Another group are also not Americans in any real sense and they are foreign guests. They are those visiting America or serving their government in America on a temporary basis. Such foreign guests bear a Visa Card or diplomatic credentials while foreign immigrants bear a Green Card and are permanent-resident members of the country without being citizens.
A Visa-bearing foreign man might produce a child while within American borders but through the child’s head, its father, it is not subject to the duty that he is not subject to either, which is American military service. His child is exempt because it is subject to its father’s nation, -the one where he lives and has his home. He belongs for his father’s society and may be raised there as soon as his visit to America ends.
Such a foreign father was one Barack Obama from Kenya; foreign student. He fathered a son who was subject to the British Nationality Act of 1948 but who was not subject to American sovereign authority over American citizens and immigrants.
Neither the father nor the son at birth were under any obligation to serve a nation that was not theirs and was not their home. In time the son became obligated because Kenya did not become his home, -Hawaii did and it was an American state when he was born.
Did he register with Selective Service at 18 years of age? No, he did not. He did not feel obligated to do so since he was only partly American, -but also Kenyan, and Indonesian by adoption.

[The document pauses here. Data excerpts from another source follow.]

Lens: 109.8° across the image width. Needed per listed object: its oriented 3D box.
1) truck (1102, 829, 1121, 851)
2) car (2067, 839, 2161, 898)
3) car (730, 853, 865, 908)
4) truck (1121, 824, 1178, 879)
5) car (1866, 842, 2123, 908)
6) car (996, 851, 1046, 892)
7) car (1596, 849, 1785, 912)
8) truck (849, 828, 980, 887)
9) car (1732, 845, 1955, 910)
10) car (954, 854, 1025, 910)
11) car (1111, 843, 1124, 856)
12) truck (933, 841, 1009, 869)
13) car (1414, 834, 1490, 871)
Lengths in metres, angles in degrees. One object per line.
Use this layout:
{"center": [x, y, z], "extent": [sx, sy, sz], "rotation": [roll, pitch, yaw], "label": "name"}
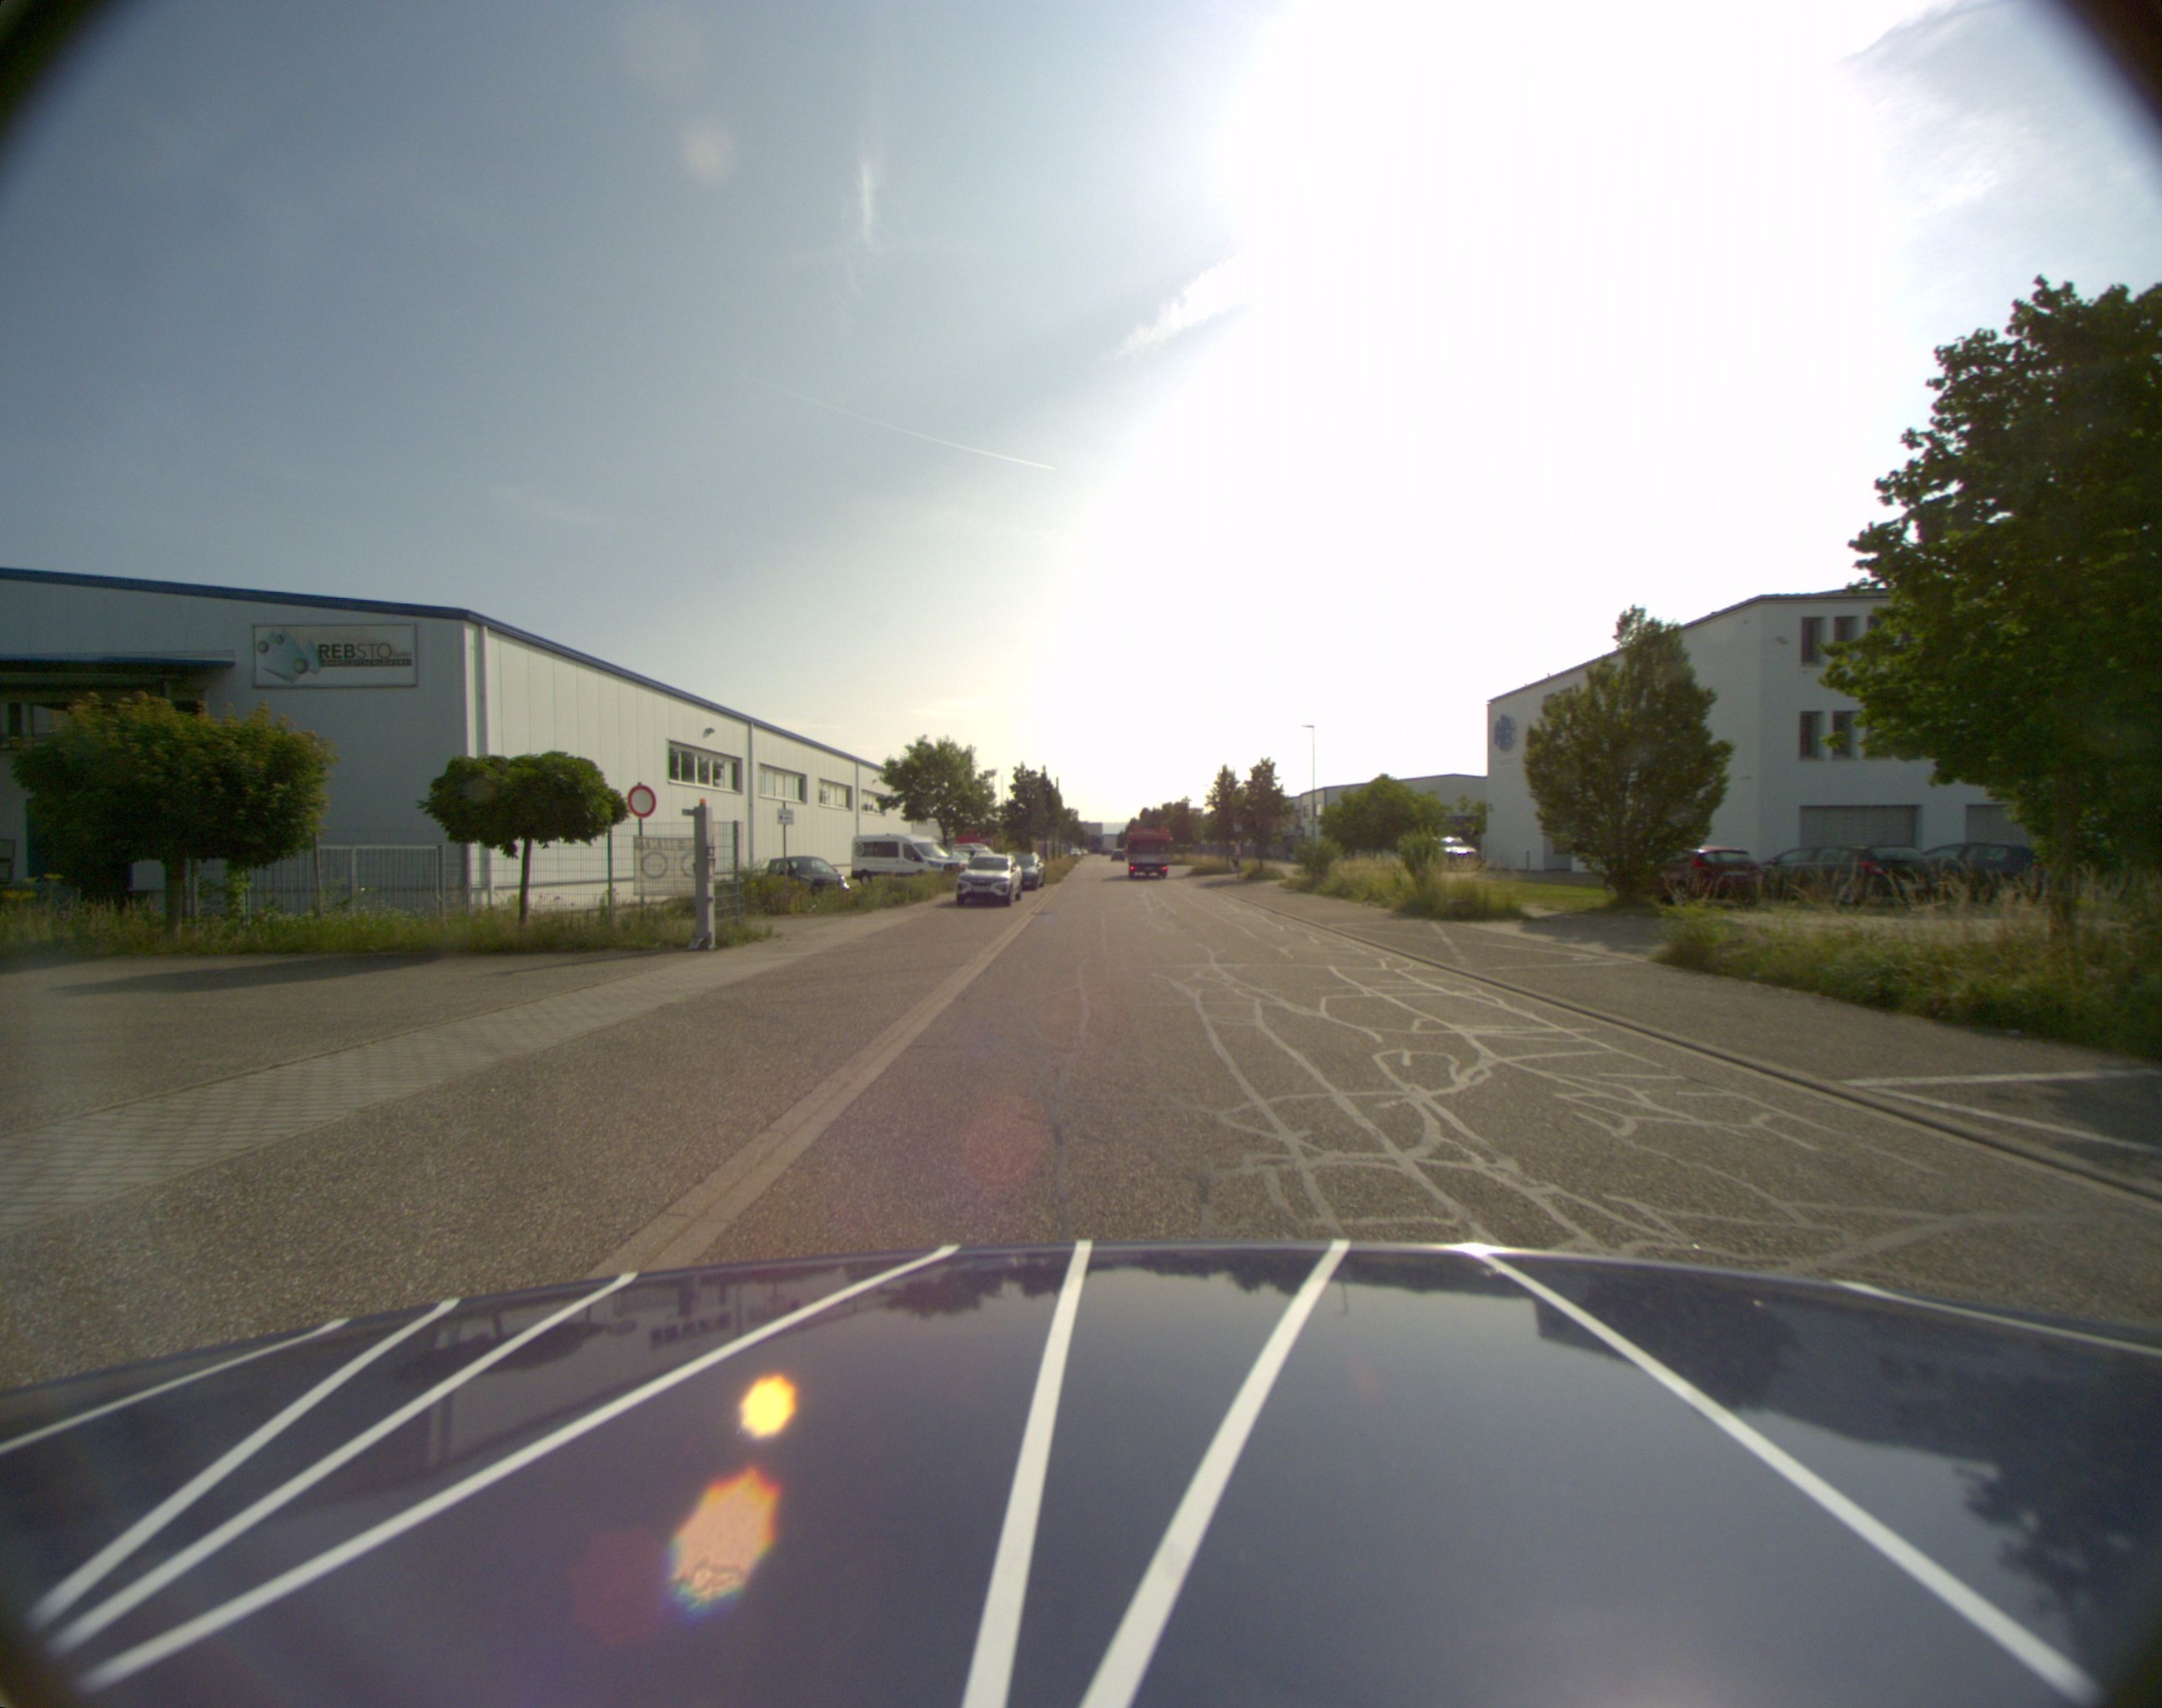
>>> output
{"center": [5.834, -2.676, 147.104], "extent": [3.413, 4.018, 10.394], "rotation": [-2, 1, 1], "label": "truck"}
{"center": [27.565, 0.360, 18.622], "extent": [1.758, 1.459, 3.918], "rotation": [-1, 1, 2], "label": "car"}
{"center": [-8.565, 0.735, 22.850], "extent": [3.988, 1.489, 1.902], "rotation": [0, 1, 37], "label": "car"}
{"center": [3.832, -0.200, 44.291], "extent": [2.513, 2.817, 8.842], "rotation": [2, 1, 1], "label": "truck"}
{"center": [22.331, 0.441, 18.858], "extent": [1.758, 1.459, 3.918], "rotation": [-1, 1, 2], "label": "car"}
{"center": [-2.390, 0.672, 30.917], "extent": [1.694, 1.495, 3.541], "rotation": [1, 1, 1], "label": "car"}
{"center": [15.194, 0.600, 19.244], "extent": [1.758, 1.401, 3.918], "rotation": [-1, 1, 2], "label": "car"}
{"center": [-7.768, 0.113, 35.175], "extent": [6.193, 2.516, 2.280], "rotation": [0, 1, 34], "label": "truck"}
{"center": [18.821, 0.511, 19.055], "extent": [1.758, 1.459, 3.918], "rotation": [-1, 1, 2], "label": "car"}
{"center": [-2.709, 0.781, 23.149], "extent": [1.668, 1.495, 3.541], "rotation": [1, 1, 1], "label": "car"}
{"center": [4.747, -0.607, 99.326], "extent": [1.668, 1.495, 3.540], "rotation": [-1, 2, 1], "label": "car"}
{"center": [-8.256, 0.057, 56.658], "extent": [5.814, 2.010, 2.280], "rotation": [0, 1, 39], "label": "truck"}
{"center": [19.661, -0.101, 40.517], "extent": [1.998, 1.827, 4.695], "rotation": [-1, 1, 3], "label": "car"}
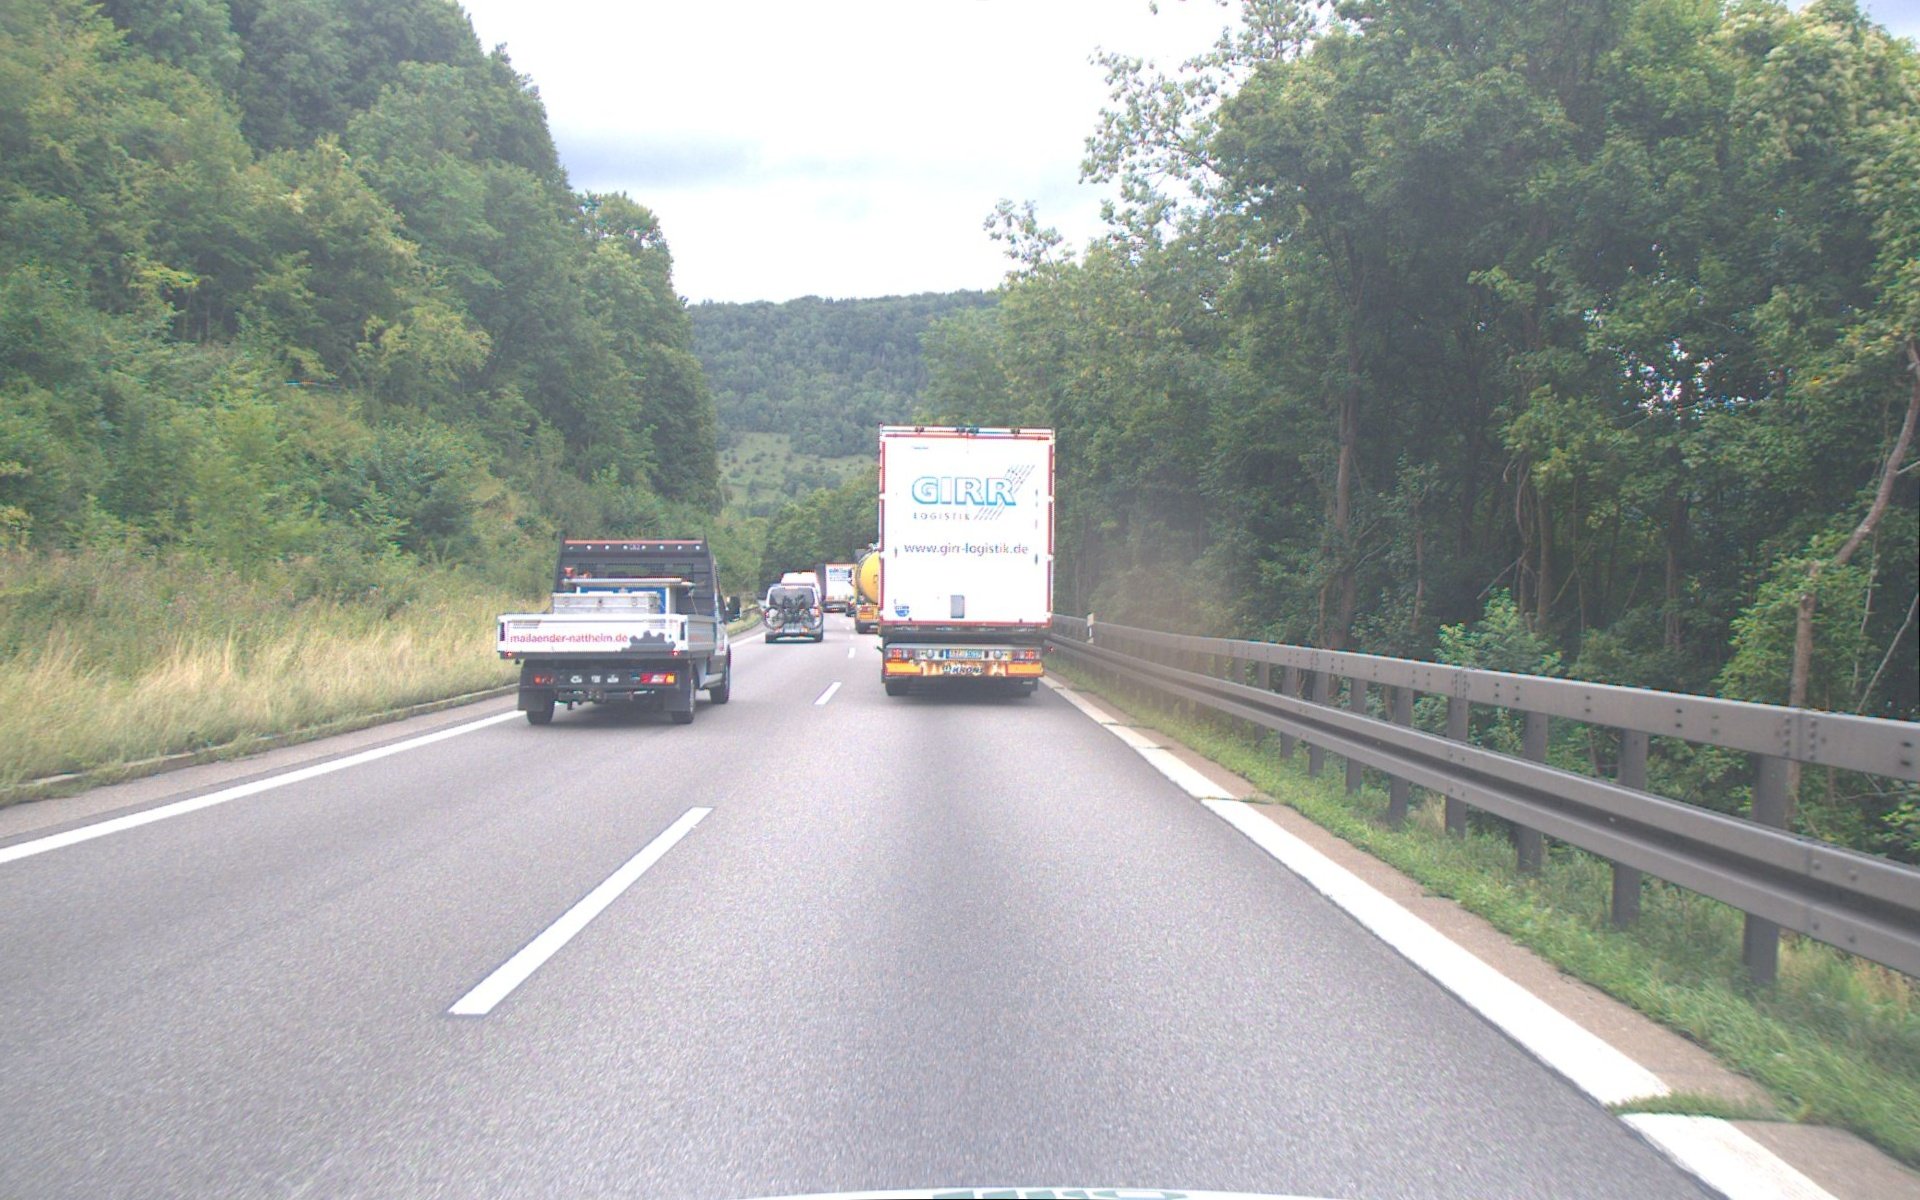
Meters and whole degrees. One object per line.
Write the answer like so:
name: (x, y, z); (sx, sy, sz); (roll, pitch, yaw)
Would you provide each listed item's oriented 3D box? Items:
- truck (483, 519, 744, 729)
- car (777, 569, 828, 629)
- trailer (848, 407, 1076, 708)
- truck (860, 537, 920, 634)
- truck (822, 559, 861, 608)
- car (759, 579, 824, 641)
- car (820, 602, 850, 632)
truck: (-4.307, 0.271, 21.882); (2.302, 2.313, 6.845); (1, 0, -3)
car: (-7.118, -0.063, 75.256); (2.081, 2.644, 5.560); (0, 0, -3)
trailer: (-0.140, -0.610, 28.008); (3.070, 4.113, 9.435); (2, 0, -2)
truck: (-2.904, -0.545, 69.880); (2.188, 3.870, 6.822); (1, 0, 0)
truck: (-9.956, -1.327, 138.787); (3.009, 3.945, 8.448); (1, 0, -5)
car: (-5.619, 0.294, 55.633); (1.978, 1.948, 5.558); (1, 0, -4)
car: (-8.873, 1.218, 117.165); (1.956, 2.049, 3.994); (1, 0, -7)

But when he was born, by the 14th Amendment and its true meaning of what being subject to the United States was when the amendment was written, -or even by what it meant under the illegitimate expansion of its meaning to include immigrants by the Supreme Court in 1898, Barack Jr. was not born possessing 14th Amendment citizenship because his father was not an American nor an immigrant but merely a foreign guest.
And as far as anyone knows, his status has never changed, although he may have gone through the naturalization process, -unbeknown to everyone since it would remove all ignorant doubt that he was not born as an American citizen, and as such could not possibly be considered to be a “natural born citizen” as the Constitution requires of all Presidents and Vice-Presidents.